Essere riconoscenti. Un esercizio facile che mi è venuto in mente di fare qualche giorno fa mentre sciacquavo le tazzine del caffè. Ho pensato a quanta riconoscenza io debba alle persone che mi stanno accanto, in modi diversi, ogni giorno o quasi.

La riconoscenza è una scelta, una capacità da esercitare e da rodare. Altrimenti ce ne dimentichiamo e cominciamo a non dare più peso all’atteggiamento che le persone hanno nei confronti dei piccoli o grandi passi che compiamo.

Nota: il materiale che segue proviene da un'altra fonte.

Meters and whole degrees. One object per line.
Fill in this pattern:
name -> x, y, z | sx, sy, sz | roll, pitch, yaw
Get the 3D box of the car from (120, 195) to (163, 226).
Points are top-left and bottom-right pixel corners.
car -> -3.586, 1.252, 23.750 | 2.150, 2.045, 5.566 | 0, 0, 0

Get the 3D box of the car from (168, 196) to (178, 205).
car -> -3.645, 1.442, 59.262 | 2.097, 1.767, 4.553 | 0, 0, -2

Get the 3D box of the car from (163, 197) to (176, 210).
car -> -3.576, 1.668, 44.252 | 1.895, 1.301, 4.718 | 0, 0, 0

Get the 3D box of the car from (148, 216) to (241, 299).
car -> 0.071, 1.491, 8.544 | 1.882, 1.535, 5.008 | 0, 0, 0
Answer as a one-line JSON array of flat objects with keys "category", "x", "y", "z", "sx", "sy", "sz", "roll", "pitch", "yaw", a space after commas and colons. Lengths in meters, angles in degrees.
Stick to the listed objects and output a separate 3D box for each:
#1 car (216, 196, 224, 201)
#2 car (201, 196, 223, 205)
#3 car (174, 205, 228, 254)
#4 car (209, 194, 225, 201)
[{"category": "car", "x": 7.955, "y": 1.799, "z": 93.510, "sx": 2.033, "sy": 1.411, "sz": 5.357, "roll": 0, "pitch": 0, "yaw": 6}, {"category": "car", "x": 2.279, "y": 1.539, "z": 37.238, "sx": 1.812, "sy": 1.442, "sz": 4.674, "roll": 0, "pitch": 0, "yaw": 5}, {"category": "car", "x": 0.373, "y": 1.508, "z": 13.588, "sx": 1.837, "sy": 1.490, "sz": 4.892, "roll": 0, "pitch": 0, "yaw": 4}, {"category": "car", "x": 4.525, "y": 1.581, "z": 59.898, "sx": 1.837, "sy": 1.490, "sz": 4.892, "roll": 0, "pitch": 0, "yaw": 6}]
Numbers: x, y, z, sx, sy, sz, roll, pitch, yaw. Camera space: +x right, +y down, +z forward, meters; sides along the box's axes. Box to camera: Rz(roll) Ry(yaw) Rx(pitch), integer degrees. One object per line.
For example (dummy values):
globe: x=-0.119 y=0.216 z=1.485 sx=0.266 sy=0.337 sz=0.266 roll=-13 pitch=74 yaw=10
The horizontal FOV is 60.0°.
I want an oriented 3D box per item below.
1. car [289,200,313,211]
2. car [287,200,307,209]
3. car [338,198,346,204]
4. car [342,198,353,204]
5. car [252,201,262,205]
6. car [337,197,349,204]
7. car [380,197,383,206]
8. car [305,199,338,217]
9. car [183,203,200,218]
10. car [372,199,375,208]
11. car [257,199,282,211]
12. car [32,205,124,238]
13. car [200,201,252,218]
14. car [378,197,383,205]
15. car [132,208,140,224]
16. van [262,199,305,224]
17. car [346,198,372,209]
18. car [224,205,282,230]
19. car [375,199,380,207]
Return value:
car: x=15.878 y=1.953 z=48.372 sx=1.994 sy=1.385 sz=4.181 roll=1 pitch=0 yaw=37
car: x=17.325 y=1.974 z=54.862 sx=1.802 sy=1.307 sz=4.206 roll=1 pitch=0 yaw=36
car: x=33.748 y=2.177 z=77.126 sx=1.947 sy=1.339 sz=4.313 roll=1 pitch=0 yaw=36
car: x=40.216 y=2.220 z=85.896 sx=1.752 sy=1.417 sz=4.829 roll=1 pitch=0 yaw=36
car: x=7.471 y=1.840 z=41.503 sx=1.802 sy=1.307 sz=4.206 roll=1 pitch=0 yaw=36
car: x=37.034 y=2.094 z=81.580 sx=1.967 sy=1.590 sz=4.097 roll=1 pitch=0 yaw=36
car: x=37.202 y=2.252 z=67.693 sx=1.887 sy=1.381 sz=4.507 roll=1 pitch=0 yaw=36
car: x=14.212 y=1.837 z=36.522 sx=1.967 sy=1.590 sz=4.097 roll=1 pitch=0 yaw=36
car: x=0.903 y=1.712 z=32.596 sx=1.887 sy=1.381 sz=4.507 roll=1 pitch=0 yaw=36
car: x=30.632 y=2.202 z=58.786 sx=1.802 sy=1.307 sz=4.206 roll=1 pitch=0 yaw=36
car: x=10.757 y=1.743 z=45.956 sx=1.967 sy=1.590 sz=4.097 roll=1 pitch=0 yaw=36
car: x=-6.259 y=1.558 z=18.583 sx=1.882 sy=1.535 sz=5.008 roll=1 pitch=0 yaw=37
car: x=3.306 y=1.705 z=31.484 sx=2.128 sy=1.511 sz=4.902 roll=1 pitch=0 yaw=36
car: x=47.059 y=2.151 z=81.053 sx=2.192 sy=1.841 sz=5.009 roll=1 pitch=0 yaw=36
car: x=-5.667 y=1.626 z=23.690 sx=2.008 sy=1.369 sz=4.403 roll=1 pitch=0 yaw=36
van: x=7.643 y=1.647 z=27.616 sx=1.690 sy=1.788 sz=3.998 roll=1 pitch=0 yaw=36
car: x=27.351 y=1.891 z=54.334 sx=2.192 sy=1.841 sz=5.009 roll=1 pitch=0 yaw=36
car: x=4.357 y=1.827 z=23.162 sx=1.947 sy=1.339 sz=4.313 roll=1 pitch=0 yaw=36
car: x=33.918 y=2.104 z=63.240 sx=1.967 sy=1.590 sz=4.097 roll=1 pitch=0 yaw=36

Sono riconoscente a 4 persone per ciò che mi hanno permesso di fare negli ultimi anni e mesi. Per il modo in cui costruiscono la persona che sono, con il loro esempio, l’apporto sincero, curioso, attento. Provate anche voi a fare questo esercizio, non ve ne pentirete.

1) Parto da mia sorella, perché il sangue è un legame semplice ma non sempre duraturo. E non è detto che resista al tempo e sia genuino.
Le sono riconoscente e grata per il merito di esserci. Perché resta elemento stabile, con lo sguardo puntato verso di me e su qualsiasi cosa io faccia.
Uno sguardo spesso benevolo e a volte rompiscatole: devo riconoscerle però anche il merito di aver imparato a smussare il suo lato pedante e giudicante.
Mi incita a non aver paura, a compiere il passo decisivo anche se penso di non essere in grado di farlo, ché magari scopro di esserne capace. Mi dice “brava” se me lo merito, ma dice anche “che schifo!” quando qualcosa che faccio o scrivo non le piace o crede che potrei farlo e riscriverlo meglio.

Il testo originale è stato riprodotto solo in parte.